What you are asked to do
Your answer should be one number: how many lines of the records hold the string "MediaControllerExtraData".

────────────────────

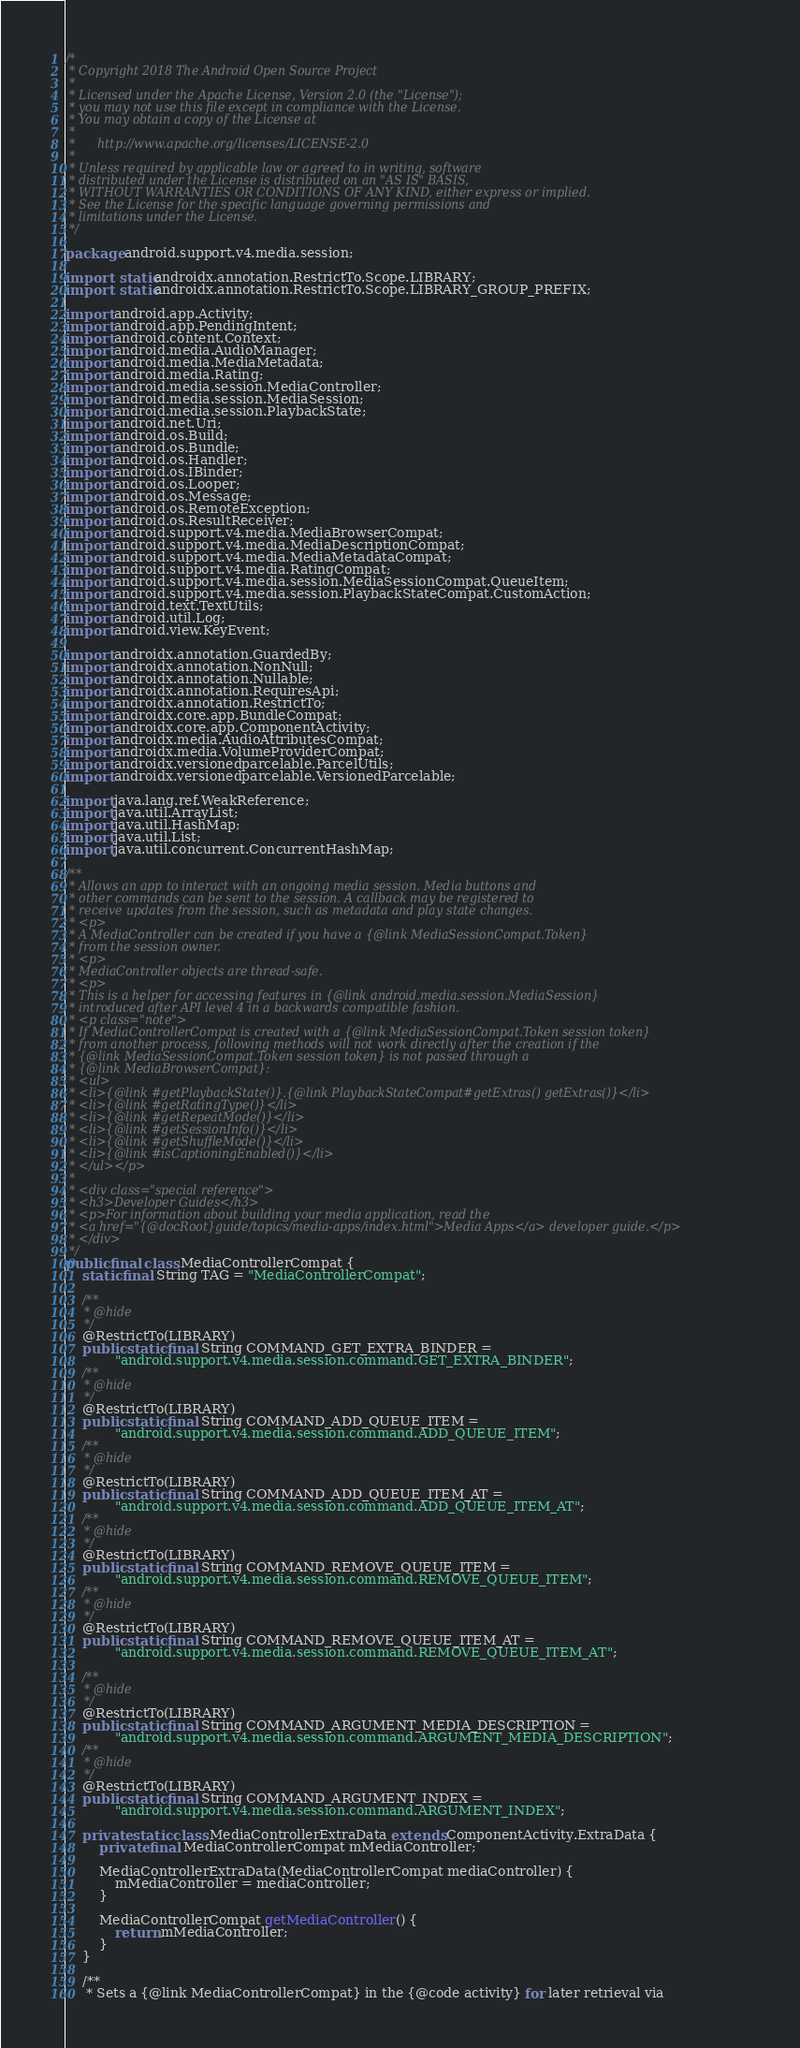<code> <loc_0><loc_0><loc_500><loc_500><_Java_>/*
 * Copyright 2018 The Android Open Source Project
 *
 * Licensed under the Apache License, Version 2.0 (the "License");
 * you may not use this file except in compliance with the License.
 * You may obtain a copy of the License at
 *
 *      http://www.apache.org/licenses/LICENSE-2.0
 *
 * Unless required by applicable law or agreed to in writing, software
 * distributed under the License is distributed on an "AS IS" BASIS,
 * WITHOUT WARRANTIES OR CONDITIONS OF ANY KIND, either express or implied.
 * See the License for the specific language governing permissions and
 * limitations under the License.
 */

package android.support.v4.media.session;

import static androidx.annotation.RestrictTo.Scope.LIBRARY;
import static androidx.annotation.RestrictTo.Scope.LIBRARY_GROUP_PREFIX;

import android.app.Activity;
import android.app.PendingIntent;
import android.content.Context;
import android.media.AudioManager;
import android.media.MediaMetadata;
import android.media.Rating;
import android.media.session.MediaController;
import android.media.session.MediaSession;
import android.media.session.PlaybackState;
import android.net.Uri;
import android.os.Build;
import android.os.Bundle;
import android.os.Handler;
import android.os.IBinder;
import android.os.Looper;
import android.os.Message;
import android.os.RemoteException;
import android.os.ResultReceiver;
import android.support.v4.media.MediaBrowserCompat;
import android.support.v4.media.MediaDescriptionCompat;
import android.support.v4.media.MediaMetadataCompat;
import android.support.v4.media.RatingCompat;
import android.support.v4.media.session.MediaSessionCompat.QueueItem;
import android.support.v4.media.session.PlaybackStateCompat.CustomAction;
import android.text.TextUtils;
import android.util.Log;
import android.view.KeyEvent;

import androidx.annotation.GuardedBy;
import androidx.annotation.NonNull;
import androidx.annotation.Nullable;
import androidx.annotation.RequiresApi;
import androidx.annotation.RestrictTo;
import androidx.core.app.BundleCompat;
import androidx.core.app.ComponentActivity;
import androidx.media.AudioAttributesCompat;
import androidx.media.VolumeProviderCompat;
import androidx.versionedparcelable.ParcelUtils;
import androidx.versionedparcelable.VersionedParcelable;

import java.lang.ref.WeakReference;
import java.util.ArrayList;
import java.util.HashMap;
import java.util.List;
import java.util.concurrent.ConcurrentHashMap;

/**
 * Allows an app to interact with an ongoing media session. Media buttons and
 * other commands can be sent to the session. A callback may be registered to
 * receive updates from the session, such as metadata and play state changes.
 * <p>
 * A MediaController can be created if you have a {@link MediaSessionCompat.Token}
 * from the session owner.
 * <p>
 * MediaController objects are thread-safe.
 * <p>
 * This is a helper for accessing features in {@link android.media.session.MediaSession}
 * introduced after API level 4 in a backwards compatible fashion.
 * <p class="note">
 * If MediaControllerCompat is created with a {@link MediaSessionCompat.Token session token}
 * from another process, following methods will not work directly after the creation if the
 * {@link MediaSessionCompat.Token session token} is not passed through a
 * {@link MediaBrowserCompat}:
 * <ul>
 * <li>{@link #getPlaybackState()}.{@link PlaybackStateCompat#getExtras() getExtras()}</li>
 * <li>{@link #getRatingType()}</li>
 * <li>{@link #getRepeatMode()}</li>
 * <li>{@link #getSessionInfo()}</li>
 * <li>{@link #getShuffleMode()}</li>
 * <li>{@link #isCaptioningEnabled()}</li>
 * </ul></p>
 *
 * <div class="special reference">
 * <h3>Developer Guides</h3>
 * <p>For information about building your media application, read the
 * <a href="{@docRoot}guide/topics/media-apps/index.html">Media Apps</a> developer guide.</p>
 * </div>
 */
public final class MediaControllerCompat {
    static final String TAG = "MediaControllerCompat";

    /**
     * @hide
     */
    @RestrictTo(LIBRARY)
    public static final String COMMAND_GET_EXTRA_BINDER =
            "android.support.v4.media.session.command.GET_EXTRA_BINDER";
    /**
     * @hide
     */
    @RestrictTo(LIBRARY)
    public static final String COMMAND_ADD_QUEUE_ITEM =
            "android.support.v4.media.session.command.ADD_QUEUE_ITEM";
    /**
     * @hide
     */
    @RestrictTo(LIBRARY)
    public static final String COMMAND_ADD_QUEUE_ITEM_AT =
            "android.support.v4.media.session.command.ADD_QUEUE_ITEM_AT";
    /**
     * @hide
     */
    @RestrictTo(LIBRARY)
    public static final String COMMAND_REMOVE_QUEUE_ITEM =
            "android.support.v4.media.session.command.REMOVE_QUEUE_ITEM";
    /**
     * @hide
     */
    @RestrictTo(LIBRARY)
    public static final String COMMAND_REMOVE_QUEUE_ITEM_AT =
            "android.support.v4.media.session.command.REMOVE_QUEUE_ITEM_AT";

    /**
     * @hide
     */
    @RestrictTo(LIBRARY)
    public static final String COMMAND_ARGUMENT_MEDIA_DESCRIPTION =
            "android.support.v4.media.session.command.ARGUMENT_MEDIA_DESCRIPTION";
    /**
     * @hide
     */
    @RestrictTo(LIBRARY)
    public static final String COMMAND_ARGUMENT_INDEX =
            "android.support.v4.media.session.command.ARGUMENT_INDEX";

    private static class MediaControllerExtraData extends ComponentActivity.ExtraData {
        private final MediaControllerCompat mMediaController;

        MediaControllerExtraData(MediaControllerCompat mediaController) {
            mMediaController = mediaController;
        }

        MediaControllerCompat getMediaController() {
            return mMediaController;
        }
    }

    /**
     * Sets a {@link MediaControllerCompat} in the {@code activity} for later retrieval via</code>

────────────────────

Solution to the exercise
2